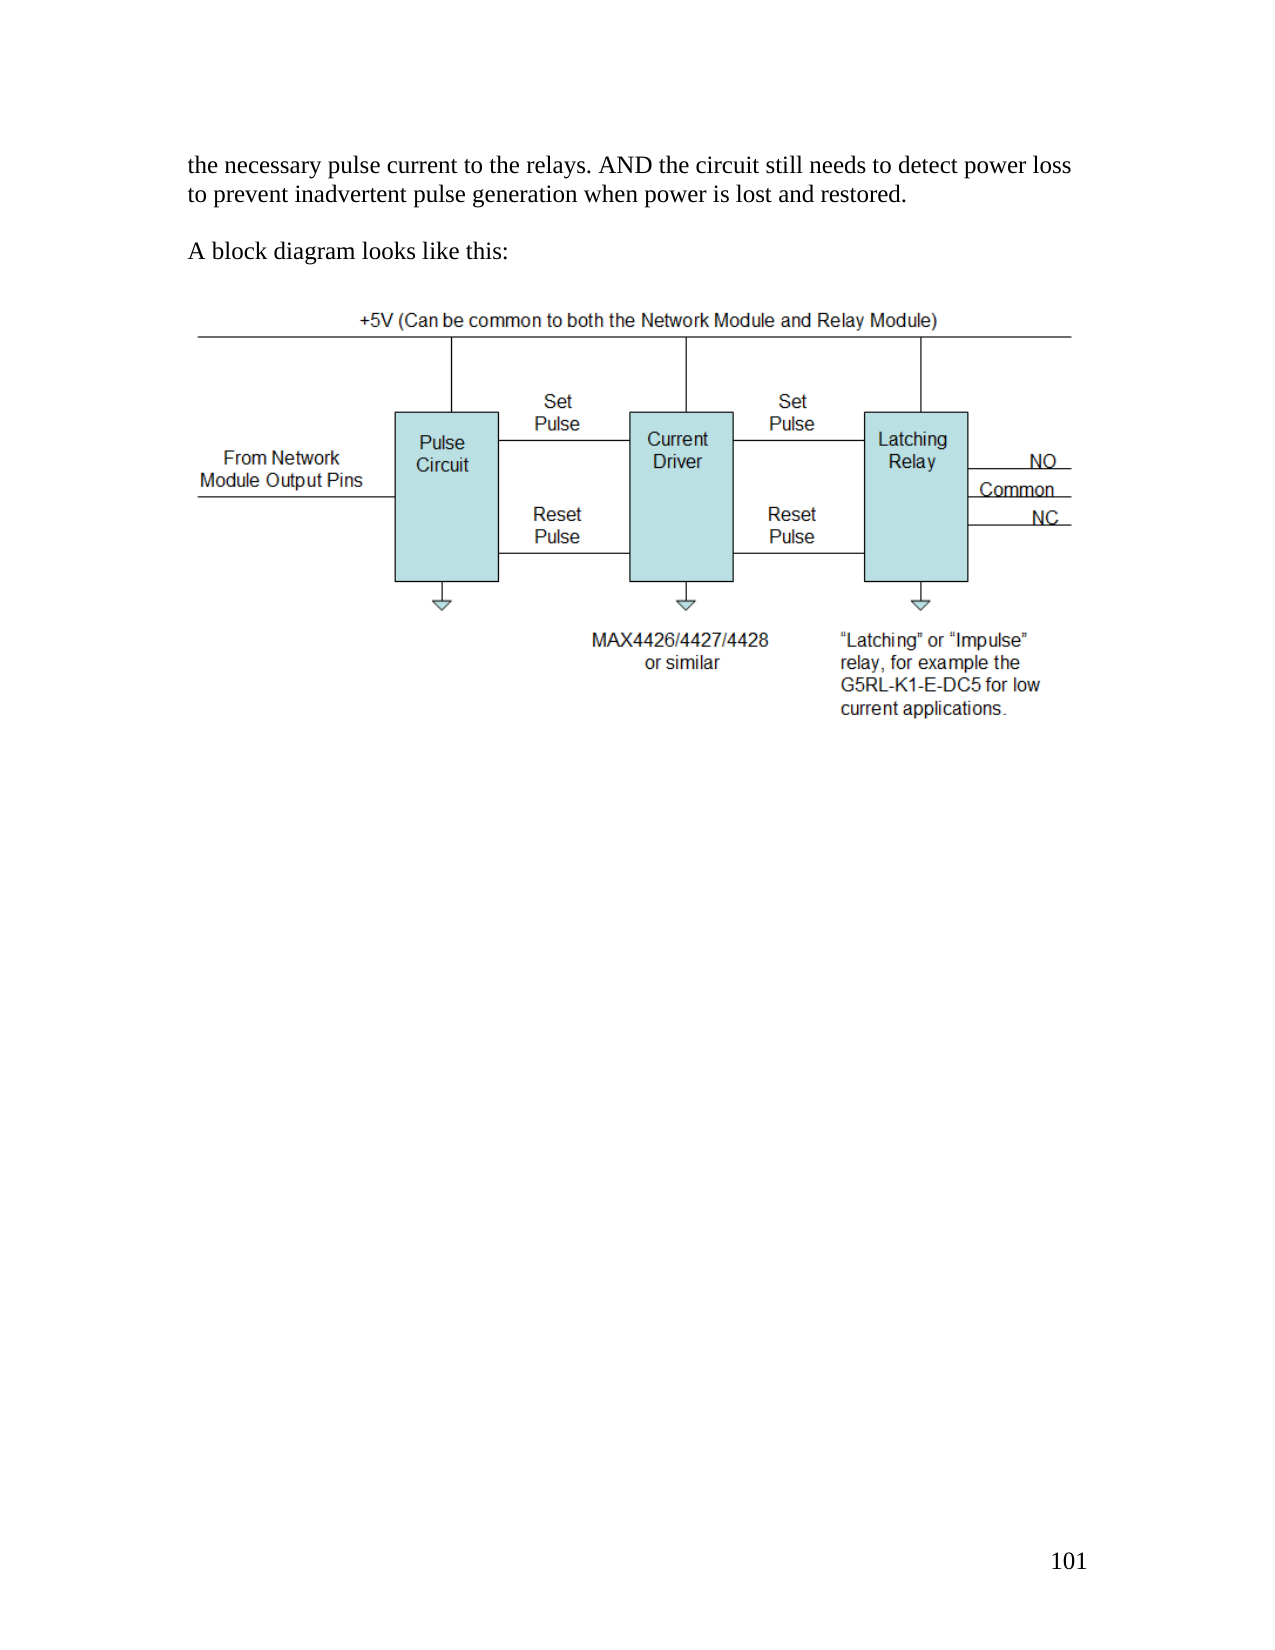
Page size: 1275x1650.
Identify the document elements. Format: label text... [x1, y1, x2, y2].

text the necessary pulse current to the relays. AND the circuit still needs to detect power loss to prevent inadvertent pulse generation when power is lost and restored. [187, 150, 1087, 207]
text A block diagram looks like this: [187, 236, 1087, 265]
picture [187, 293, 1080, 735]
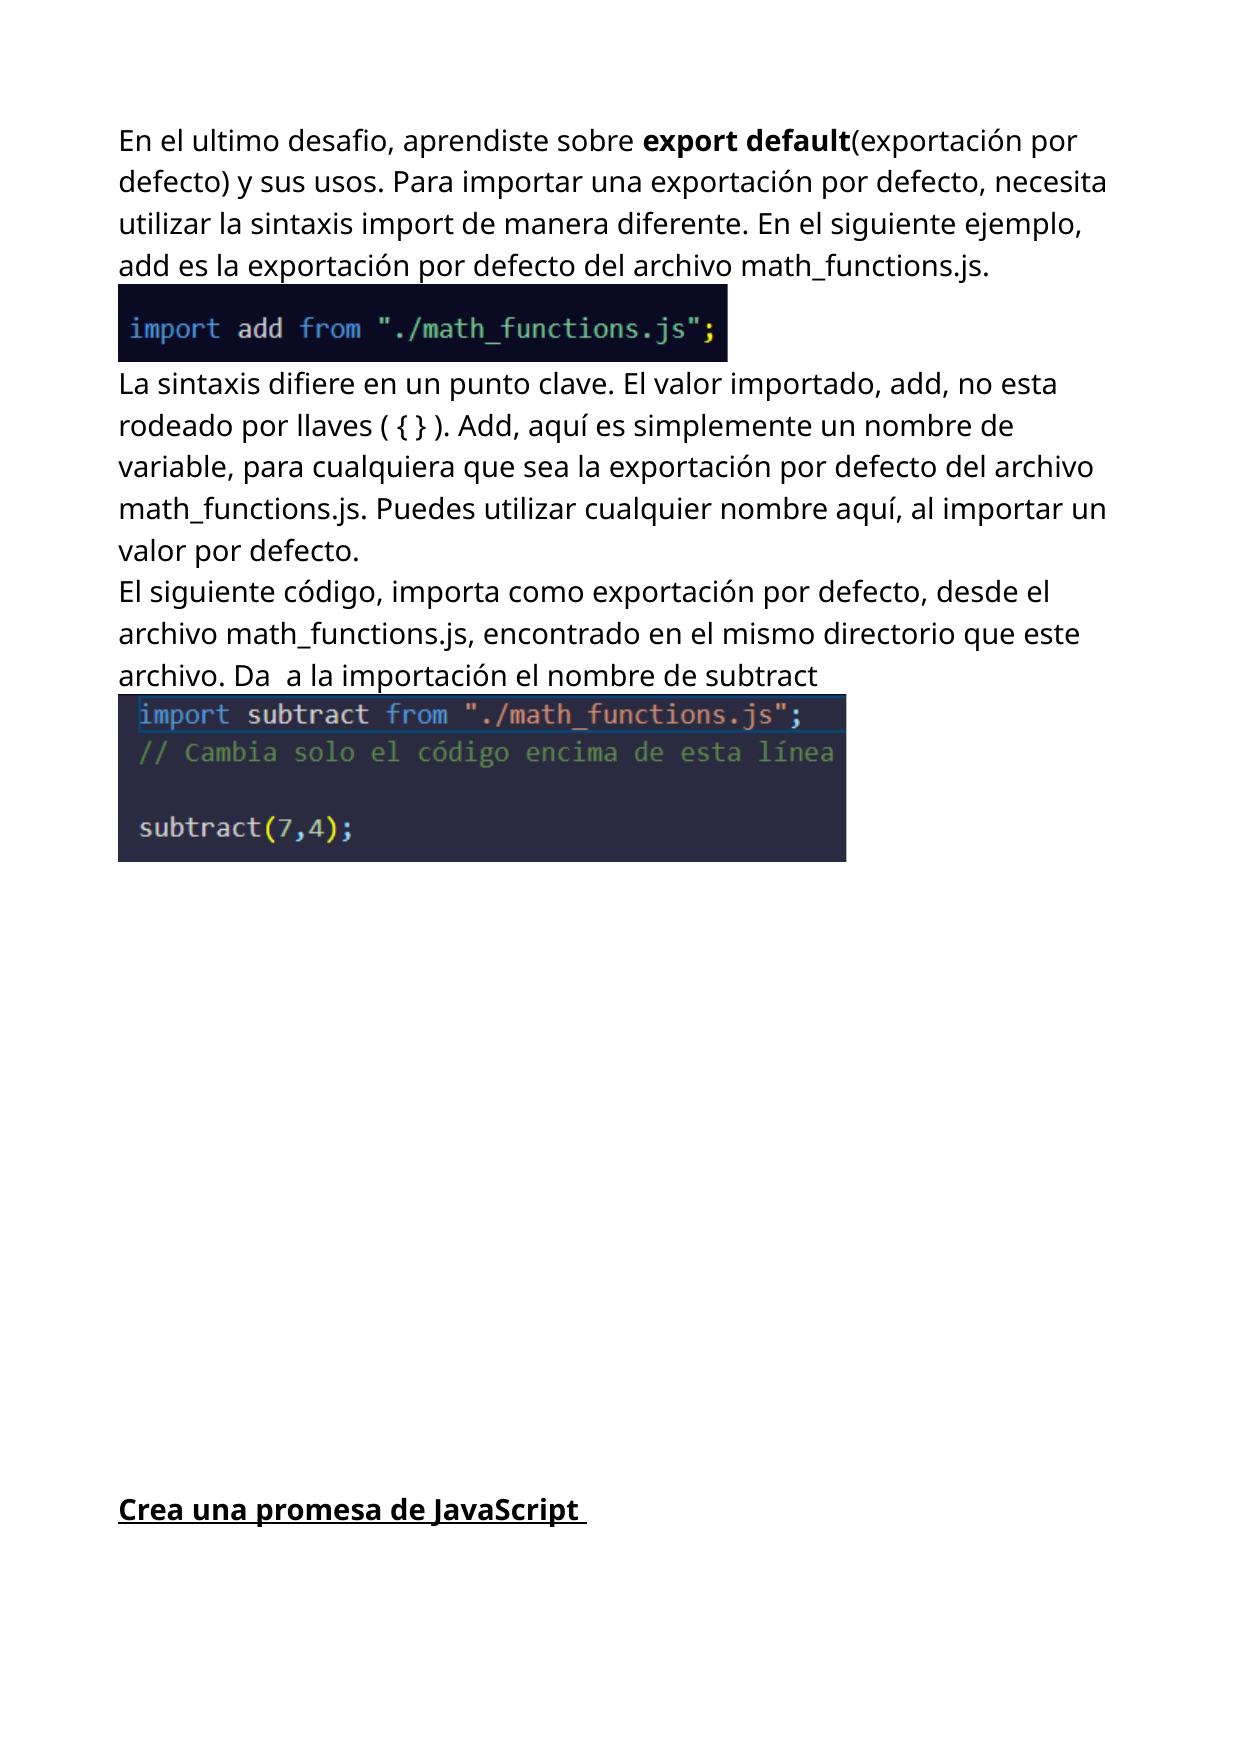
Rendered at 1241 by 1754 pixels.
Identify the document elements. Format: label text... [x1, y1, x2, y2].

------

Exercise description: For this exercise, copy each line of the data above exactly, from the first through the line containing "Rendered at 1241 by 1754 pixels.", and drop the pictures.

Solution for this task:
Page size: 1275x1650.
Identify the document elements. Format: label text... [x1, y1, x2, y2].

text the necessary pulse current to the relays. AND the circuit still needs to detect power loss to prevent inadvertent pulse generation when power is lost and restored. [187, 150, 1087, 207]
text A block diagram looks like this: [187, 236, 1087, 265]
picture [187, 293, 1080, 735]
Rendered at 1241 by 1754 pixels.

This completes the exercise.